Entre la chaîne, les fers et ses doigts manquants, Schlingue était plus maladroit qu’avant d’apprendre son nom. La tête heurta ses mains mutilées, rebondit sur les moignons de ses doigts et atterrit à ses pieds, dans une pluie d’asticots. Tant de sang séché l’encroûtait qu’elle en était méconnaissable.

« Je t’avais ordonné d’attraper, dit Ramsay. Ramasse. »

Schlingue essaya de soulever la tête par une oreille. Rien à faire. La chair verdie se décomposait et l’oreille se déchira entre ses doigts. Petit Walder éclata de rire et, un instant plus tard, tous les autres riaient aussi. « Oh, laisse donc, lança Ramsay. Contente-toi de t’occuper de Sang. Je l’ai mené durement, ce salaud.

— Oui, messire. J’y veillerai. » Schlingue se hâta vers le cheval, laissant aux chiennes la tête tranchée.

« Tu sens le lisier de porc, aujourd’hui, Schlingue, jugea Ramsay.

— Pour lui, c’est une amélioration », commenta Damon Danse-pour-moi, souriant tandis qu’il enroulait son fouet.

Petit Walder sauta de sa selle. « Tu pourras aussi t’occuper de mon cheval, Schlingue. Et de celui de mon petit cousin.

— Je peux m’occuper de mon propre cheval », protesta Grand Walder. Petit Walder était devenu le préféré de lord Ramsay et lui ressemblait chaque jour davantage, mais le plus petit des deux Frey était d’un autre bois et prenait rarement part aux jeux et aux cruautés de son cousin.

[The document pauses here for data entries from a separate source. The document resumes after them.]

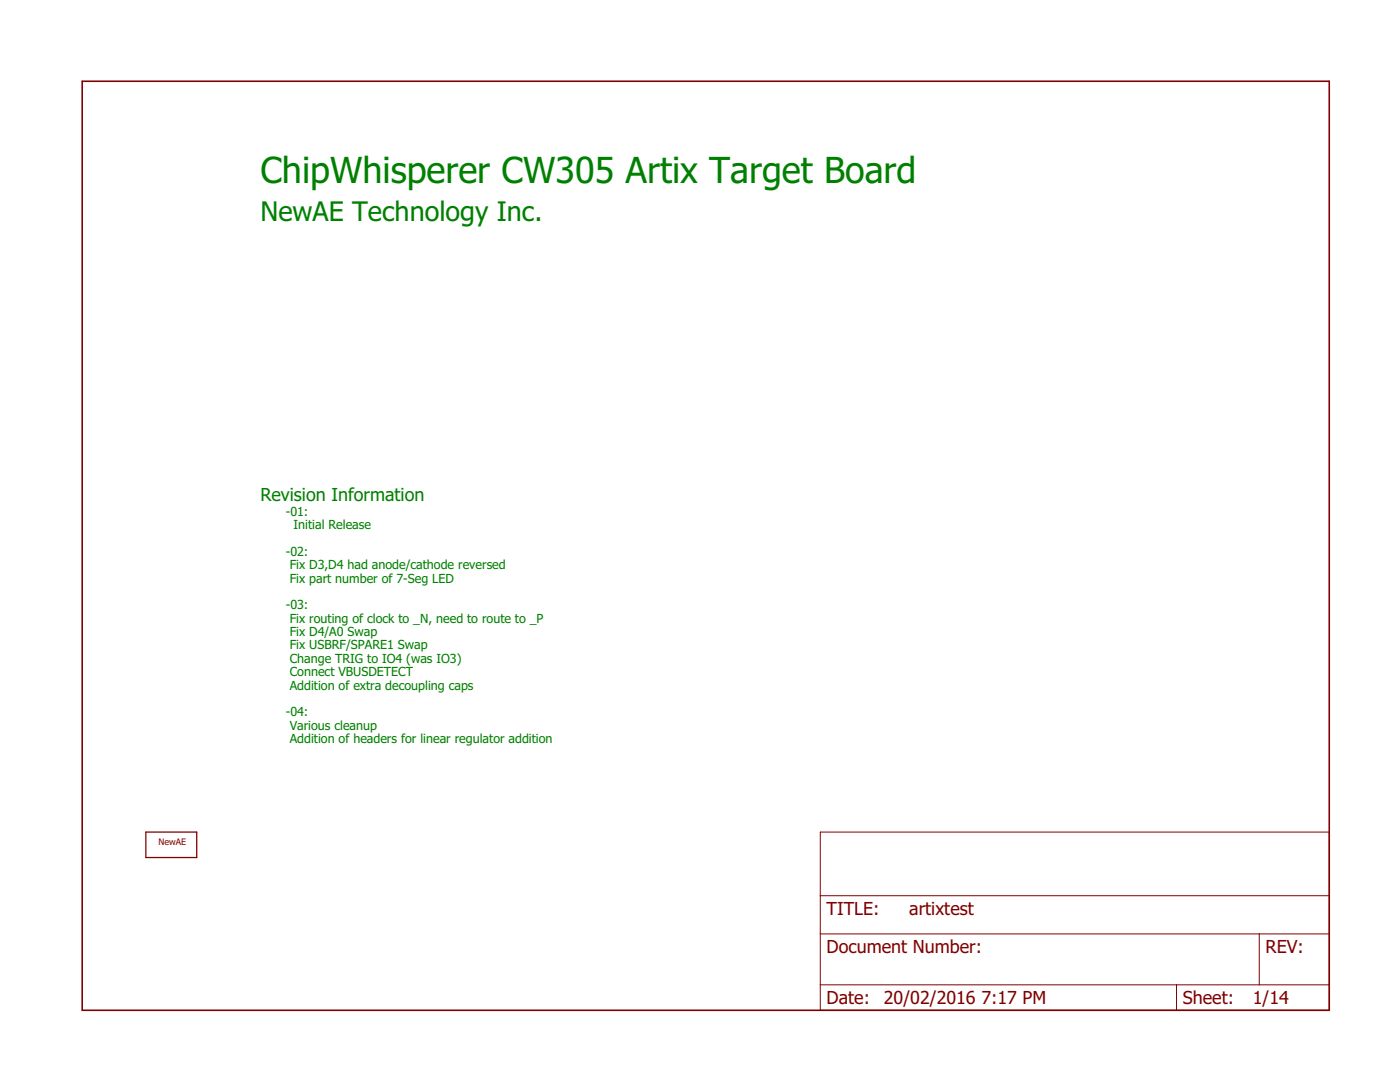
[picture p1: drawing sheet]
<svg xmlns="http://www.w3.org/2000/svg" width="279mm" height="216mm" viewBox="0 0 279 216" stroke-linecap="round" stroke-linejoin="round" font-family="sans-serif">
<defs><g id="words">
<text font-size="7.2" fill="#008000" x="52" y="36.5">ChipWhisperer CW305 Artix Target Board</text>
<text font-size="5.4" fill="#008000" x="52" y="44.2">NewAE Technology Inc.</text>
<text font-size="3.6" fill="#008000" x="52" y="100">Revision Information</text>
<g font-size="3.6" fill="#800000">
<text x="165" y="182.5">TITLE:</text>
<text x="181.5" y="182.5">artixtest</text>
<text x="165" y="190.2">Document Number:</text>
<text x="252.6" y="190.2">REV:</text>
<text x="165" y="200.3">Date:</text>
<text x="176.4" y="200.3">20/02/2016</text>
<text x="195.8" y="200.3">7:17 PM</text>
<text x="236.1" y="200.3">Sheet:</text>
<text x="250" y="200.3">1/14</text>
</g>
<g font-size="2.5" fill="#008000">
<text x="57" y="102.9">-01:</text>
<text x="58.6" y="105.6">Initial Release</text>
<text x="57" y="110.9">-02:</text>
<text x="57.8" y="113.6">Fix D3,D4 had anode/cathode reversed</text>
<text x="57.8" y="116.3">Fix part number of 7-Seg LED</text>
<text x="57" y="121.6">-03:</text>
<text x="57.8" y="124.3">Fix routing of clock to _N, need to route to _P</text>
<text x="57.8" y="126.9">Fix D4/A0 Swap</text>
<text x="57.8" y="129.6">Fix USBRF/SPARE1 Swap</text>
<text x="57.8" y="132.3">Change TRIG to IO4 (was IO3)</text>
<text x="57.8" y="134.9">Connect VBUSDETECT</text>
<text x="57.8" y="137.6">Addition of extra decoupling caps</text>
<text x="57" y="142.9">-04:</text>
<text x="57.8" y="145.6">Various cleanup</text>
<text x="57.8" y="148.3">Addition of headers for linear regulator addition</text>
</g>
<text font-size="1.8" fill="#800000" x="31.6" y="168.6">NewAE</text>
</g></defs>
<path d="M16.4 16.2h248.9v185.4h-248.9z" fill="none" stroke="#800000" stroke-width=".32"/>
<path d="M163.7 166h101.6v35.6h-101.6zM163.7 178.7h101.6M163.7 186.4h101.6M163.7 196.5h101.6M234.8 196.5v5.1M251.3 186.4v10.1" fill="none" stroke="#800000" stroke-width=".2"/>
<path d="M29.1 166h10.2v5.1h-10.2z" fill="none" stroke="#800000" stroke-width=".25"/>
<use href="#words"/>
</svg>

Schlingue ne prêta aucune attention aux écuyers. Il guida Sang jusqu’aux écuries, sautant de côté quand l’étalon essaya de lui décocher un coup de sabot. Les chasseurs entrèrent dans la grande salle, tous à l’exception de Ben-les-Os, qui maudissait les chiennes tout en cherchant à les empêcher de se disputer la tête tranchée.

Grand Walder le suivit à l’écurie, menant sa propre monture lui-même. Schlingue lui lança un regard à la dérobée tout en retirant le mors de Sang. « C’était qui ? » demanda-t-il tout bas, afin que les autres garçons d’écurie ne l’entendissent point.

« Personne. » Grand Walder enleva la selle de son cheval gris. « Un vieux que nous avons croisé sur la route, c’est tout. Il menait une pauvre bique et quatre chevreaux.

— Sa Seigneurie l’a tué pour ses chèvres ?

— Sa Seigneurie l’a tué pour l’avoir appelé lord Snow. Mais les chèvres étaient bonnes. On a trait la mère et rôti les chevreaux. »

Lord Snow. Schlingue hocha la tête, ses chaînes cliquetant tandis qu’il s’échinait à détacher les sangles de la selle de Sang. Sous quelque nom que ce soit, Ramsay n’est pas un homme à côtoyer, quand il est en fureur. Ou quand il ne l’est pas. « Avez-vous retrouvé vos cousins, messire ?

— Non. Je n’ai jamais imaginé que nous les trouverions. Ils sont morts. Lord Wyman les a fait tuer. C’est ainsi que j’aurais agi, à sa place. »

Schlingue ne dit rien. Certaines paroles étaient dangereuses à exprimer, même dans l’écurie, alors que Sa Seigneurie se trouvait dans la grande salle. Un mot de travers pouvait lui coûter encore un orteil, voire un doigt. Pas ma langue, cependant. Jamais il ne me prendra la langue. Il aime à m’entendre le supplier de m’épargner la douleur. Il aime à me le faire répéter.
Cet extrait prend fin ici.